用浅层神经网络逼近正弦函数

机器算法验证 神经网络
2022-03-27 19:16:18

我想使用一个简单的 1-3 层神经网络来近似 sin 函数的一个区域。但是,我发现我的模型通常会收敛于比数据具有更多局部极值的状态。这是我最近的模型架构:

layers:     x, h1, y

dimensions: 1, 128, 1

activations: tanh, tanh

error function: sum((y_predict - y)^2)

结果,用 4000 个数据点训练 3000 次迭代,学习率 = 4e-7:

具有 tanh 激活的简单一层模型

在相同条件下训练的另一个更深层次的模型:

layers:     x, h1, h2, h3, y

dimensions: 1, 32, 128, 32, 1

activations: tanh, tanh, tanh, tanh

error function: sum((y_predict - y)^2)

在此处输入图像描述

我经常看到前 2 个 X 单元内的输出过于复杂,然后它就稳定下来了。
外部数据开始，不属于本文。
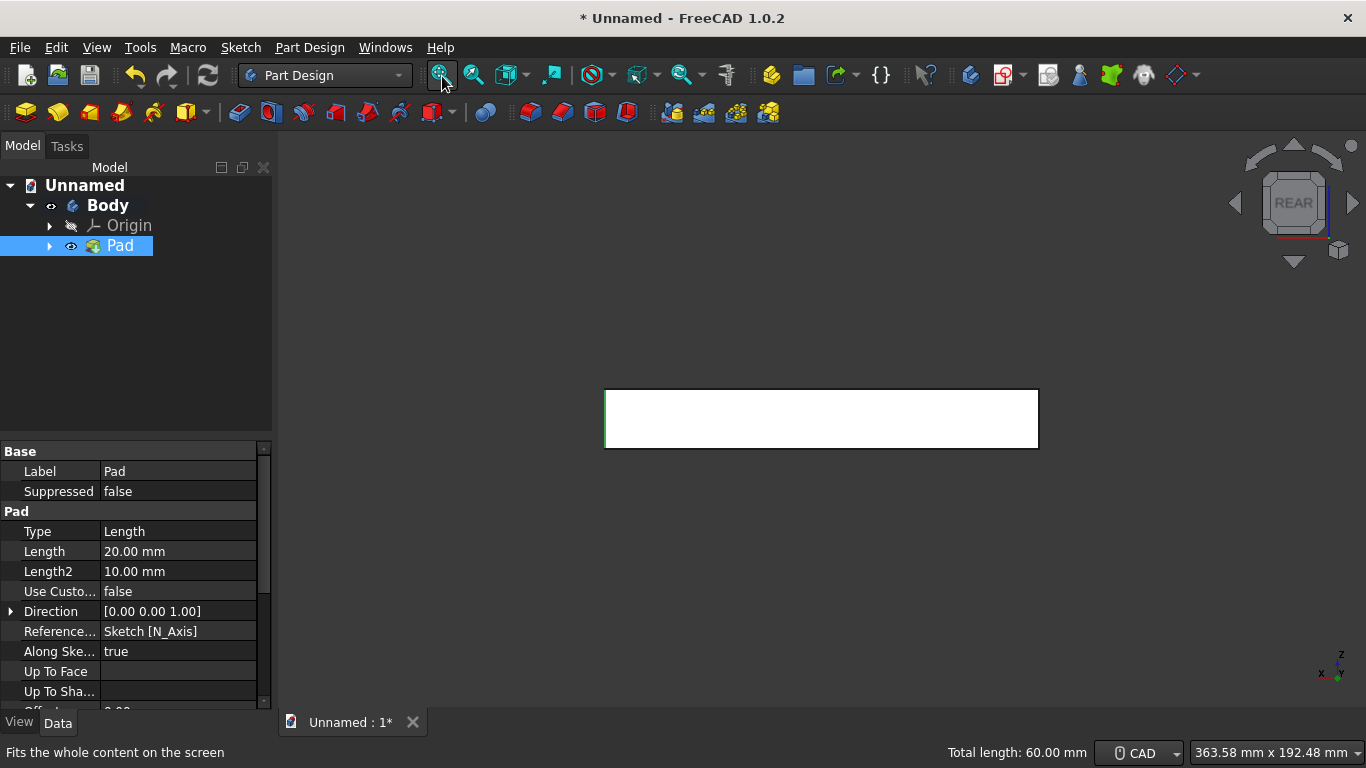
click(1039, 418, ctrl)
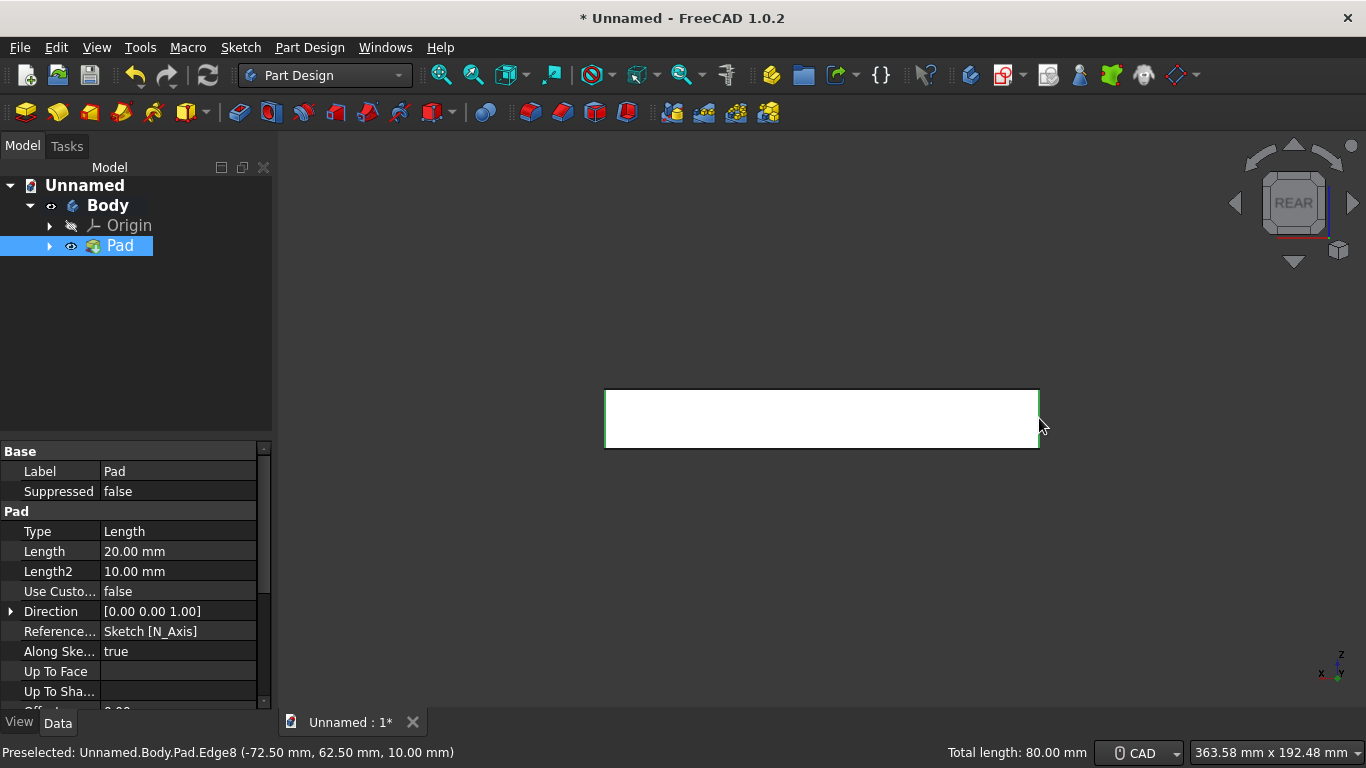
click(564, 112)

这种噪音的原因是什么,如何修改我的架构以适应整个数据范围,而不会过度拟合这个早期的数据范围?

训练也是高度可变的(Y=损失,X=迭代):

训练示例 1 训练示例 2

我使用 pytorch 来实现模型:

import torch
from torch.autograd import Variable
import numpy
from matplotlib import pyplot

dtype = torch.FloatTensor
# dtype = torch.cuda.FloatTensor # Uncomment this to run on GPU


layer_size = 1, 128, 1
layer_functions = ["tanh","tanh"]

m_x = 4000
n_x = layer_size[0]
n_y = layer_size[-1]

x_raw = numpy.random.rand(m_x,n_x)*10 - 1
y_raw = (numpy.sin(x_raw))/2.5 + (numpy.random.randn(m_x,n_x)/20)


# Create Tensors to hold input and outputs, and wrap them in Variables.
x = Variable(torch.from_numpy(x_raw).type(dtype), requires_grad=False)
y = Variable(torch.from_numpy(y_raw).type(dtype), requires_grad=False)

# Create random Tensors for weights, and wrap them in Variables.
layer_weights = list()
for i in range(0,len(layer_size)-1):
    print(layer_size[i],layer_size[i+1])
    layer_weights.append(Variable(torch.randn(layer_size[i],layer_size[i+1]).type(dtype), requires_grad=True))

def forward_step(x,weights,activation):
    if activation == "sigmoid":
        fn = torch.nn.Sigmoid()
    elif activation == "tanh":
        fn = torch.nn.Tanh()
    elif activation == "relu":
        fn = torch.nn.ReLU()
    else:
        exit("ERROR: invalid activation function specified")

    output = fn(x.mm(weights))

    return output

y_pred = None
losses = list()
learning_rate = 4e-7
for t in range(3000):
    # Forward pass: compute predicted y using operations on Variables
    y_pred = forward_step(x,weights=layer_weights[0],activation=layer_functions[0])
    for i in range(1,len(layer_weights)):
        y_pred = forward_step(y_pred, weights=layer_weights[i], activation=layer_functions[i])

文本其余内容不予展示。